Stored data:
※
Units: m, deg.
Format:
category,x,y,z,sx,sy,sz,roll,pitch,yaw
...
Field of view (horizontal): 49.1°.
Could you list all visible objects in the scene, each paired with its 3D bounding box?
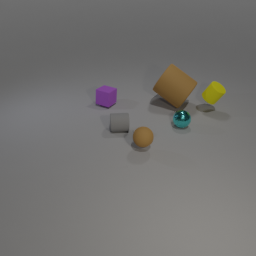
category,x,y,z,sx,sy,sz,roll,pitch,yaw
cylinder,3.550,-1.451,11.611,0.700,0.700,0.700,18,45,-19
cylinder,-0.321,-0.218,10.617,0.700,0.700,0.700,-2,30,-4
ball,2.083,-0.351,10.825,0.700,0.700,0.700,0,30,0
ball,0.507,0.299,9.368,0.700,0.700,0.700,0,30,0
cube,-0.970,-1.429,12.527,0.700,0.700,0.700,17,31,23
cylinder,2.022,-1.809,12.126,1.400,1.400,1.400,37,37,3
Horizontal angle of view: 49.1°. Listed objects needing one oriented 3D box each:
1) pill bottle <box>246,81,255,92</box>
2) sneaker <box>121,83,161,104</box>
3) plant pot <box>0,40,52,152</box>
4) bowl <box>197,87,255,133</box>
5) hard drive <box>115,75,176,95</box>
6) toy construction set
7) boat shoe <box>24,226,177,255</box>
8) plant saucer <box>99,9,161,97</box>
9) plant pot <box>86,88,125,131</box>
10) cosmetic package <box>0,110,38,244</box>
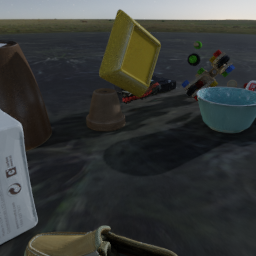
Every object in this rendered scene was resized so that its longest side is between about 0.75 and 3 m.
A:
[{"bbox_3d":[5.406,-1.027,10.278,2.011,1.145,1.145,19,30,38],"label":"pill bottle"},{"bbox_3d":[0.419,-1.543,10.887,1.836,0.897,0.649,-11,14,41],"label":"sneaker"},{"bbox_3d":[-3.665,-1.007,8.067,2.584,2.765,2.584,1,26,0],"label":"plant pot"},{"bbox_3d":[3.294,-0.568,9.262,2.123,1.111,2.123,1,23,0],"label":"bowl"},{"bbox_3d":[0.841,-2.013,13.410,2.504,0.474,1.749,-18,29,-36],"label":"hard drive"},{"bbox_3d":[3.918,-2.172,12.239,2.750,2.293,2.113,27,19,21],"label":"toy construction set"},{"bbox_3d":[-0.417,1.789,4.064,2.371,0.903,0.850,5,24,11],"label":"boat shoe"},{"bbox_3d":[0.262,-2.360,9.254,0.543,2.242,2.242,13,-4,41],"label":"plant saucer"},{"bbox_3d":[-0.747,-0.680,9.450,1.358,1.184,1.358,1,22,0],"label":"plant pot"},{"bbox_3d":[-3.226,0.765,4.914,2.099,2.097,2.544,-20,32,-39],"label":"cosmetic package"}]
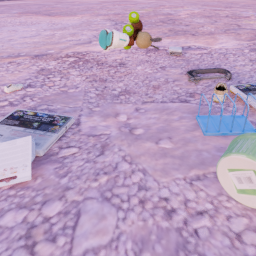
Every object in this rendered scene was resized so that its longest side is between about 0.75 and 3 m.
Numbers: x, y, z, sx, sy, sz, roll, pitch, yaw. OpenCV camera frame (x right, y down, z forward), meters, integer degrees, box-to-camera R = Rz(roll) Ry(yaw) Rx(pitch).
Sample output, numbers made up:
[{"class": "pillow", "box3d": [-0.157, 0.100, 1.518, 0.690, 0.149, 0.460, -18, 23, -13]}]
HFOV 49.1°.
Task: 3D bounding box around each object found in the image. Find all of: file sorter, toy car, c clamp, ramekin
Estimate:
[{"class": "file sorter", "box3d": [3.141, -0.480, 8.835, 1.663, 1.020, 1.154, -1, 30, -1]}, {"class": "toy car", "box3d": [0.560, -3.359, 10.256, 1.410, 1.158, 1.112, 22, 78, 3]}, {"class": "c clamp", "box3d": [3.715, -2.347, 12.750, 2.380, 0.322, 2.033, -9, 27, -12]}, {"class": "ramekin", "box3d": [2.676, 0.953, 5.967, 1.559, 1.559, 0.762, 27, 47, 37]}]

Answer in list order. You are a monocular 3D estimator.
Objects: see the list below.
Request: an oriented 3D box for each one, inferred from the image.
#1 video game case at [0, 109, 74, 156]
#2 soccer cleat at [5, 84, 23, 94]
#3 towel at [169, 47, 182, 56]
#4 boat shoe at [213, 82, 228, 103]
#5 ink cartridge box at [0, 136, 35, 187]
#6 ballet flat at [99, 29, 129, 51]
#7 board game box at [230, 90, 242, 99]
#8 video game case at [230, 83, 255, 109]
[{"class": "video game case", "box3d": [-3.109, 0.055, 8.689, 2.227, 0.260, 2.025, 8, 32, 15]}, {"class": "soccer cleat", "box3d": [-4.692, -1.698, 11.556, 0.296, 0.331, 0.853, 19, 35, 29]}, {"class": "towel", "box3d": [2.723, -4.398, 16.078, 0.748, 0.386, 0.903, 5, 29, 5]}, {"class": "boat shoe", "box3d": [3.691, -1.516, 11.052, 0.587, 0.527, 1.587, 8, 32, 14]}, {"class": "ink cartridge box", "box3d": [-2.956, 0.918, 7.126, 1.128, 0.333, 1.409, -13, 50, -5]}, {"class": "ballet flat", "box3d": [-0.386, -2.385, 7.657, 0.614, 0.614, 1.770, -9, 19, -14]}, {"class": "board game box", "box3d": [4.909, -1.204, 10.824, 0.917, 0.288, 1.919, -10, 35, -16]}, {"class": "video game case", "box3d": [5.150, -1.250, 10.443, 1.969, 0.230, 1.790, -7, 33, -12]}]
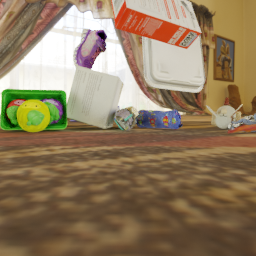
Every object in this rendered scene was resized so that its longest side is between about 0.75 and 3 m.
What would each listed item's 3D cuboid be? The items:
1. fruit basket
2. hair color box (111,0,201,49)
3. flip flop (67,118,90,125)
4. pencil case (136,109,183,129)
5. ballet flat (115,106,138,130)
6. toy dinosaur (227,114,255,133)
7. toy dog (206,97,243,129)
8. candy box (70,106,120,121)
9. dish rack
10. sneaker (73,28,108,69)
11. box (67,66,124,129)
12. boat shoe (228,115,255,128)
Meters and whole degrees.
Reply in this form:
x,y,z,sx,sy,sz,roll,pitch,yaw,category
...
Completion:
x,y,z,sx,sy,sz,roll,pitch,yaw,category
-2.821,-0.508,8.413,2.085,1.504,2.085,-4,-14,-1,fruit basket
0.801,-3.284,8.094,2.480,1.375,0.793,7,-31,-26,hair color box
-2.703,-0.394,11.668,2.617,0.753,1.061,15,-7,-24,flip flop
1.071,-0.324,9.815,1.718,0.671,0.746,4,26,45,pencil case
0.015,-0.382,9.563,0.818,0.818,2.275,0,6,-1,ballet flat
3.495,0.025,7.876,1.165,0.674,1.284,14,45,24,toy dinosaur
3.711,-0.606,10.506,1.594,1.164,2.416,0,4,0,toy dog
-2.061,-0.909,16.997,2.144,0.977,2.536,1,2,39,candy box
1.733,-2.755,10.072,2.425,2.825,0.615,4,-16,-20,dish rack
-1.441,-3.162,11.385,1.110,2.511,1.010,-3,-32,19,sneaker
-1.145,-1.046,10.034,1.551,1.801,1.810,15,3,4,box
3.810,-0.156,8.760,0.530,0.484,1.473,-2,4,-29,boat shoe
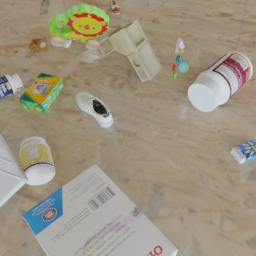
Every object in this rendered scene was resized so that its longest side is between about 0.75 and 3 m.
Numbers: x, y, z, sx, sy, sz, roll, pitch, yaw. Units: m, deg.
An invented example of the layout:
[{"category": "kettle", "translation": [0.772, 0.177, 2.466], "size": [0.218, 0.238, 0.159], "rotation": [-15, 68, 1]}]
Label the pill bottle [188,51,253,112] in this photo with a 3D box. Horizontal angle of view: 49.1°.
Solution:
※
Pictures are to be left out; all other data must be returned exactly.

Units: m, deg.
Format:
category,x,y,z,sx,sy,sz,roll,pitch,yaw
...
Field of view (horizontal): 49.1°.
Could you list all visible objects in the scene, each paired with its 3D bounding box?
category,x,y,z,sx,sy,sz,roll,pitch,yaw
cylinder,3.550,-1.451,11.611,0.700,0.700,0.700,18,45,-19
cylinder,-0.321,-0.218,10.617,0.700,0.700,0.700,-2,30,-4
ball,2.083,-0.351,10.825,0.700,0.700,0.700,0,30,0
ball,0.507,0.299,9.368,0.700,0.700,0.700,0,30,0
cube,-0.970,-1.429,12.527,0.700,0.700,0.700,17,31,23
cylinder,2.022,-1.809,12.126,1.400,1.400,1.400,37,37,3
Horizontal angle of view: 49.1°. Listed objects needing one oriented 3D box each:
1) pill bottle <box>246,81,255,92</box>
2) sneaker <box>121,83,161,104</box>
3) plant pot <box>0,40,52,152</box>
4) bowl <box>197,87,255,133</box>
5) hard drive <box>115,75,176,95</box>
6) toy construction set
7) boat shoe <box>24,226,177,255</box>
8) plant saucer <box>99,9,161,97</box>
9) plant pot <box>86,88,125,131</box>
10) cosmetic package <box>0,110,38,244</box>
Every object in this rendered scene was resized so that its longest side is between about 0.75 and 3 m.
A:
[{"bbox_3d":[5.406,-1.027,10.278,2.011,1.145,1.145,19,30,38],"label":"pill bottle"},{"bbox_3d":[0.419,-1.543,10.887,1.836,0.897,0.649,-11,14,41],"label":"sneaker"},{"bbox_3d":[-3.665,-1.007,8.067,2.584,2.765,2.584,1,26,0],"label":"plant pot"},{"bbox_3d":[3.294,-0.568,9.262,2.123,1.111,2.123,1,23,0],"label":"bowl"},{"bbox_3d":[0.841,-2.013,13.410,2.504,0.474,1.749,-18,29,-36],"label":"hard drive"},{"bbox_3d":[3.918,-2.172,12.239,2.750,2.293,2.113,27,19,21],"label":"toy construction set"},{"bbox_3d":[-0.417,1.789,4.064,2.371,0.903,0.850,5,24,11],"label":"boat shoe"},{"bbox_3d":[0.262,-2.360,9.254,0.543,2.242,2.242,13,-4,41],"label":"plant saucer"},{"bbox_3d":[-0.747,-0.680,9.450,1.358,1.184,1.358,1,22,0],"label":"plant pot"},{"bbox_3d":[-3.226,0.765,4.914,2.099,2.097,2.544,-20,32,-39],"label":"cosmetic package"}]
Every object in this rendered scene was resized so that its longest side is between about 0.75 and 3 m.
Numbers: x, y, z, sx, sy, sz, roll, pitch, yaw. OpenCV camera frame (x right, y down, z forward), meters, integer degrees, box-to-camera R = Rz(roll) Ry(yaw) Rx(pitch).
Sample output, numbers made up:
[{"class": "pillow", "box3d": [-0.157, 0.100, 1.518, 0.690, 0.149, 0.460, -18, 23, -13]}]
HFOV 49.1°.
Task: 3D bounding box around each object found in the image. Find all of: file sorter, toy car, c clamp, ramekin
Estimate:
[{"class": "file sorter", "box3d": [3.141, -0.480, 8.835, 1.663, 1.020, 1.154, -1, 30, -1]}, {"class": "toy car", "box3d": [0.560, -3.359, 10.256, 1.410, 1.158, 1.112, 22, 78, 3]}, {"class": "c clamp", "box3d": [3.715, -2.347, 12.750, 2.380, 0.322, 2.033, -9, 27, -12]}, {"class": "ramekin", "box3d": [2.676, 0.953, 5.967, 1.559, 1.559, 0.762, 27, 47, 37]}]

Answer in list order. You are a monocular 3D estimator.
Objects: see the list below.
Request: an oriented 3D box for each one, inferred from the image.
#1 video game case at [0, 109, 74, 156]
#2 soccer cleat at [5, 84, 23, 94]
#3 towel at [169, 47, 182, 56]
#4 boat shoe at [213, 82, 228, 103]
#5 ink cartridge box at [0, 136, 35, 187]
#6 ballet flat at [99, 29, 129, 51]
#7 board game box at [230, 90, 242, 99]
#8 video game case at [230, 83, 255, 109]
[{"class": "video game case", "box3d": [-3.109, 0.055, 8.689, 2.227, 0.260, 2.025, 8, 32, 15]}, {"class": "soccer cleat", "box3d": [-4.692, -1.698, 11.556, 0.296, 0.331, 0.853, 19, 35, 29]}, {"class": "towel", "box3d": [2.723, -4.398, 16.078, 0.748, 0.386, 0.903, 5, 29, 5]}, {"class": "boat shoe", "box3d": [3.691, -1.516, 11.052, 0.587, 0.527, 1.587, 8, 32, 14]}, {"class": "ink cartridge box", "box3d": [-2.956, 0.918, 7.126, 1.128, 0.333, 1.409, -13, 50, -5]}, {"class": "ballet flat", "box3d": [-0.386, -2.385, 7.657, 0.614, 0.614, 1.770, -9, 19, -14]}, {"class": "board game box", "box3d": [4.909, -1.204, 10.824, 0.917, 0.288, 1.919, -10, 35, -16]}, {"class": "video game case", "box3d": [5.150, -1.250, 10.443, 1.969, 0.230, 1.790, -7, 33, -12]}]
Every object in this rendered scene was resized so that its longest side is between about 0.75 and 3 m.
What would each listed item's 3D cuboid be? The items:
1. fruit basket
2. hair color box (111,0,201,49)
3. flip flop (67,118,90,125)
4. pencil case (136,109,183,129)
5. ballet flat (115,106,138,130)
6. toy dinosaur (227,114,255,133)
7. toy dog (206,97,243,129)
8. candy box (70,106,120,121)
9. dish rack
10. sneaker (73,28,108,69)
11. box (67,66,124,129)
12. boat shoe (228,115,255,128)
Meters and whole degrees.
Reply in this form:
x,y,z,sx,sy,sz,roll,pitch,yaw,category
...
Completion:
x,y,z,sx,sy,sz,roll,pitch,yaw,category
-2.821,-0.508,8.413,2.085,1.504,2.085,-4,-14,-1,fruit basket
0.801,-3.284,8.094,2.480,1.375,0.793,7,-31,-26,hair color box
-2.703,-0.394,11.668,2.617,0.753,1.061,15,-7,-24,flip flop
1.071,-0.324,9.815,1.718,0.671,0.746,4,26,45,pencil case
0.015,-0.382,9.563,0.818,0.818,2.275,0,6,-1,ballet flat
3.495,0.025,7.876,1.165,0.674,1.284,14,45,24,toy dinosaur
3.711,-0.606,10.506,1.594,1.164,2.416,0,4,0,toy dog
-2.061,-0.909,16.997,2.144,0.977,2.536,1,2,39,candy box
1.733,-2.755,10.072,2.425,2.825,0.615,4,-16,-20,dish rack
-1.441,-3.162,11.385,1.110,2.511,1.010,-3,-32,19,sneaker
-1.145,-1.046,10.034,1.551,1.801,1.810,15,3,4,box
3.810,-0.156,8.760,0.530,0.484,1.473,-2,4,-29,boat shoe
Every object in this rendered scene was resized so that its longest side is between about 0.75 and 3 m.
Numbers: x, y, z, sx, sy, sz, roll, pitch, yaw. Units: m, deg.
An invented example of the layout:
[{"category": "kettle", "translation": [0.772, 0.177, 2.466], "size": [0.218, 0.238, 0.159], "rotation": [-15, 68, 1]}]
Label the pill bottle [188,51,253,112] in this photo with a 3D box. Horizontal angle of view: 49.1°.
Solution:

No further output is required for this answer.